• DATA PROVIDED:
BEGIN

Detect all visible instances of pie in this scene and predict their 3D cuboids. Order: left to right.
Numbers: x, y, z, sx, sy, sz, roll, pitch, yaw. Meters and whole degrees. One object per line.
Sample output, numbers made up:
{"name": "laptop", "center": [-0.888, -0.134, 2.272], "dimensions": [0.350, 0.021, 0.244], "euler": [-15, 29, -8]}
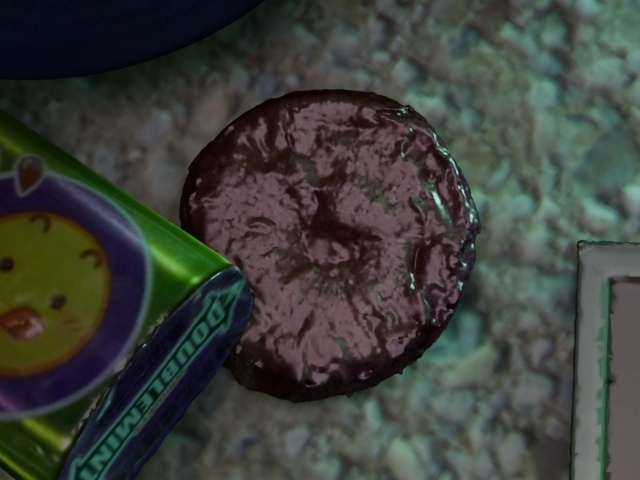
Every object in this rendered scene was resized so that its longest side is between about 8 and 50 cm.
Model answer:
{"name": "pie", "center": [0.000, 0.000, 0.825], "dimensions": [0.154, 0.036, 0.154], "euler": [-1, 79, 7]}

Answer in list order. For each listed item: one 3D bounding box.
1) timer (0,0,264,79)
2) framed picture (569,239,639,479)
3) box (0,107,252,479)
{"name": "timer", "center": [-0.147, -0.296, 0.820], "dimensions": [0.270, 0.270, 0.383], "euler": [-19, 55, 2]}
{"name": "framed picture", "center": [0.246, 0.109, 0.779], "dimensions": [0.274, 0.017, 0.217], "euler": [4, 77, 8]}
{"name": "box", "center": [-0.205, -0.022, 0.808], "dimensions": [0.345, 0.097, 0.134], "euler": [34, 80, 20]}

END
BEGIN

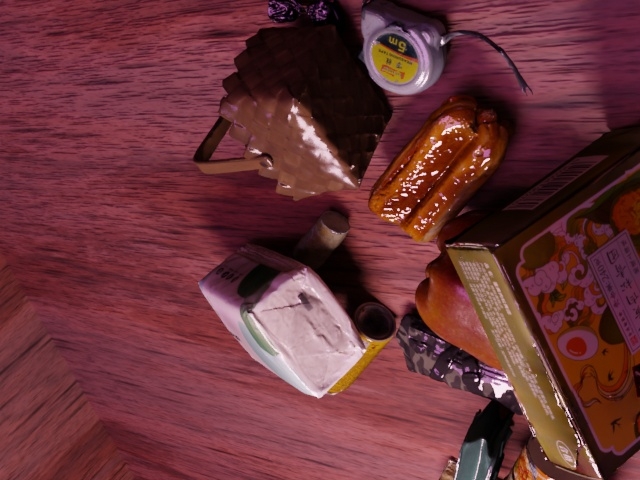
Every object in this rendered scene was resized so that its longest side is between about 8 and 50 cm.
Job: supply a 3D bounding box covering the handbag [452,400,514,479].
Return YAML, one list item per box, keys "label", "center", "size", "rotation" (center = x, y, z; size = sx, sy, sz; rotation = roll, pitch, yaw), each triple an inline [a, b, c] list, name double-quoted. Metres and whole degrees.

END

When the word "item" shows up in a line of the entries, pull that line out.

• YOUR RESPONSE:
Answer in list order. For each listed item: one 3D bounding box.
Return YAML, one list item per box, keys "label", "center", "size", "rotation" (center = x, y, z; size = sx, sy, sz; rotation = roll, pitch, yaw), each triple an inline [a, b, c] list, name double-quoted. Metres and whole degrees.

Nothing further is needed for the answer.